ASYA’DAN MUTFAKLARA: YOSUN

Artık gelişen ve globalleşen dünyada ” özgü” diye bi kelime kalmadı farkında mısınız?  Her şey her yerde artık. Özellikle durum besinlerde böyle. Bir bölgeye özgü olan besin herhangi bir şekilde gündeme geldiği zaman özgü olmaktan çıkıyor. Çünkü artık her yerde üretilmeye başlanıyor. Sadece o bölgenin iklimini taklit etmek için büyük yatırımlar yapıyor insanlar. Sırf o besini yetiştirebilmek için. Bu insanları yadırgamıyorum, yanlış anlaşılmasın. Onlar kendilerinden talep edileni yapıyorlar sadece.  Burada vahim olan besin üretiminin bu kadar yayılması. Çünkü besin üretimi ne kadar çok yayılırsa üretime bir standart getirmek de o kadar zorlaşır.
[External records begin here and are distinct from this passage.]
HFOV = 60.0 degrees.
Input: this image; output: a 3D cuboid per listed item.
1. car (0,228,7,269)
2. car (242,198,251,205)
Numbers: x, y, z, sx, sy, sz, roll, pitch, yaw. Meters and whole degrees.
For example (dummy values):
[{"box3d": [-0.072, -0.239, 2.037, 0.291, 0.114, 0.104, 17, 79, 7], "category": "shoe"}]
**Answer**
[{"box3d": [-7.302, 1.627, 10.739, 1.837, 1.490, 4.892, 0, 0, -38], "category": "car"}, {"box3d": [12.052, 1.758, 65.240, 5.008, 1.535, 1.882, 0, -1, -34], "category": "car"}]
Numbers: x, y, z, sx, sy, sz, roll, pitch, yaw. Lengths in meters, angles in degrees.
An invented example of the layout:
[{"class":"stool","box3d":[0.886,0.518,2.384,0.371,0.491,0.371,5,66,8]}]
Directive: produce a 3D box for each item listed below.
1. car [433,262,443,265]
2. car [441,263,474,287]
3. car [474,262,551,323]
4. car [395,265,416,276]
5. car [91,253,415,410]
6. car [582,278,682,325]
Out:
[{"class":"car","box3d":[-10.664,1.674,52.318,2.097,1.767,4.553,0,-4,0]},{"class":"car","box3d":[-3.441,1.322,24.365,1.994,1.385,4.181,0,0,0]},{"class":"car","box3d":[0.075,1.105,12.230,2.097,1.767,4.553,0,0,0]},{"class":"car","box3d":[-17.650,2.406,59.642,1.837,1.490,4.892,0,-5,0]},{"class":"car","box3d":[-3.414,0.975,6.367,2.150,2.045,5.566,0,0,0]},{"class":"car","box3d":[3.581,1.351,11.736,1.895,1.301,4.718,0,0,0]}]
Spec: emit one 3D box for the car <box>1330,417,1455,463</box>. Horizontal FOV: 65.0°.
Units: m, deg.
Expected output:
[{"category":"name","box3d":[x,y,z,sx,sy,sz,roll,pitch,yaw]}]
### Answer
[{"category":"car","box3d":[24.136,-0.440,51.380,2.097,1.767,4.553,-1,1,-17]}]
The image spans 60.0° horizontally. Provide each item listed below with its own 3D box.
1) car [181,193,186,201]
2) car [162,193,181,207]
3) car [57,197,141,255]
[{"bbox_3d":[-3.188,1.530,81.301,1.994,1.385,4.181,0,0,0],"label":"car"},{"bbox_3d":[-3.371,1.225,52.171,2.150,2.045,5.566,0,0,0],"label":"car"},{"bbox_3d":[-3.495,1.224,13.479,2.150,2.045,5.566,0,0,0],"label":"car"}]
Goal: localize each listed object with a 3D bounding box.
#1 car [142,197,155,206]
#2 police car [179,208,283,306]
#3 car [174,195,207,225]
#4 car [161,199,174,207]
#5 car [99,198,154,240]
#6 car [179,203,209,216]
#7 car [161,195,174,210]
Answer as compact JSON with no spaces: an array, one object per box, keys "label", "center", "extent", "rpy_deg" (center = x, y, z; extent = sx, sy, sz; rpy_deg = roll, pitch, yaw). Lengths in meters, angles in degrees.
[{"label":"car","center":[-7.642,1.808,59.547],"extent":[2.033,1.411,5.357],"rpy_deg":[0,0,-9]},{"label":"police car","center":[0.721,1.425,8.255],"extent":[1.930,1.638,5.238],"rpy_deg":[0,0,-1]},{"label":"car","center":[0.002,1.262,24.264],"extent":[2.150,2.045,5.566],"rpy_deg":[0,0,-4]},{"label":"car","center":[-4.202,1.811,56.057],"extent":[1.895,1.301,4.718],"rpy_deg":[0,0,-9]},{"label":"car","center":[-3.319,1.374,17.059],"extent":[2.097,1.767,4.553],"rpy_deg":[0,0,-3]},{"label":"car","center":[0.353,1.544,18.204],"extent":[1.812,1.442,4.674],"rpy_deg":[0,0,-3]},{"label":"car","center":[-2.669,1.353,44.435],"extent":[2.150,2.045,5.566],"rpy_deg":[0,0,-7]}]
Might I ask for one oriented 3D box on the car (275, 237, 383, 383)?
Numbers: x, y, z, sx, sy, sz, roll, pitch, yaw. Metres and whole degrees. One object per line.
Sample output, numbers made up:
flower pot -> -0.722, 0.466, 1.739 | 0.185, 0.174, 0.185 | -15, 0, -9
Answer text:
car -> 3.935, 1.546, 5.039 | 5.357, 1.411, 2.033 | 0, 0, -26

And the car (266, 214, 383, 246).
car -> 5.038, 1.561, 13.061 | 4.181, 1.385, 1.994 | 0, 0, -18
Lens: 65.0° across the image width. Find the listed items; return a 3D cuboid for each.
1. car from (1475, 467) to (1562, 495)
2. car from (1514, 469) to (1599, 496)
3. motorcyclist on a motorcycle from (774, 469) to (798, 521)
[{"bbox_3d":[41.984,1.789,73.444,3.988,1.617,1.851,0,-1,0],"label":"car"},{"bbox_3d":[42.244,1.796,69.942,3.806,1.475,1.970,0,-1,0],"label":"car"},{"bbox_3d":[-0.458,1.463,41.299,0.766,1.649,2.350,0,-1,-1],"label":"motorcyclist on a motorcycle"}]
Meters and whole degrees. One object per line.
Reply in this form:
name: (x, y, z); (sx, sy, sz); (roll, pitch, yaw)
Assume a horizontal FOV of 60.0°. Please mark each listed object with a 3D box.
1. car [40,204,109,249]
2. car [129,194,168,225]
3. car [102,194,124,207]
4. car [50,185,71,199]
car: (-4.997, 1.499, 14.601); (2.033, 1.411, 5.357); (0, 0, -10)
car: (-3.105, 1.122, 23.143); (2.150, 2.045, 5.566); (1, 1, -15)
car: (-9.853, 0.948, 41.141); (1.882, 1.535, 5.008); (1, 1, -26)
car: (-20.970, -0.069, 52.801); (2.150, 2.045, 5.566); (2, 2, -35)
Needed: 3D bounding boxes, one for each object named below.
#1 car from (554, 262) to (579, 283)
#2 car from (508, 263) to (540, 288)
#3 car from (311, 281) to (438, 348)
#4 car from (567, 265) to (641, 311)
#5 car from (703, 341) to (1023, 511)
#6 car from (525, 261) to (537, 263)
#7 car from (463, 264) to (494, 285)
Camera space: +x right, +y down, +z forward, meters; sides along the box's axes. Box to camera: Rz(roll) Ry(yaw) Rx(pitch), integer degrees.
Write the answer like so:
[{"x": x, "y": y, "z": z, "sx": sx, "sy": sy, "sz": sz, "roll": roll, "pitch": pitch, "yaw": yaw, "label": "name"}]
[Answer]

Standart olmazsa üretimde ne kullanıldığını ve içinde bulunan katkı maddelerini kontrol edemeyiz. Her ne kadar katkı maddesi kullanılmamıştır dense de doğal olarak yetişen besinle beşeri olarak elde edilen besin bir olmaz. Türkiye de dahil olmak üzere Dünya’da çok sayıda yabancı tarzda besin sunan restoran açıldı. Aradığınız besinin anavatanından kilometrelerce uzakta olsanız bile fark etmiyor. Bu yazımda  “uluslararası” besinlerden birinden söz edecem sizlere. Bugünkü konuğum yosun. Aslında her yerde bulunuyor ama hepsi yenmiyor. Yenecek tarzda olanlar Uzakdoğu kökenli. Ama Uzakdoğu’ya özgü değil artık. Bakalım bu deniz örtüsü bizlere ne vaat ediyor.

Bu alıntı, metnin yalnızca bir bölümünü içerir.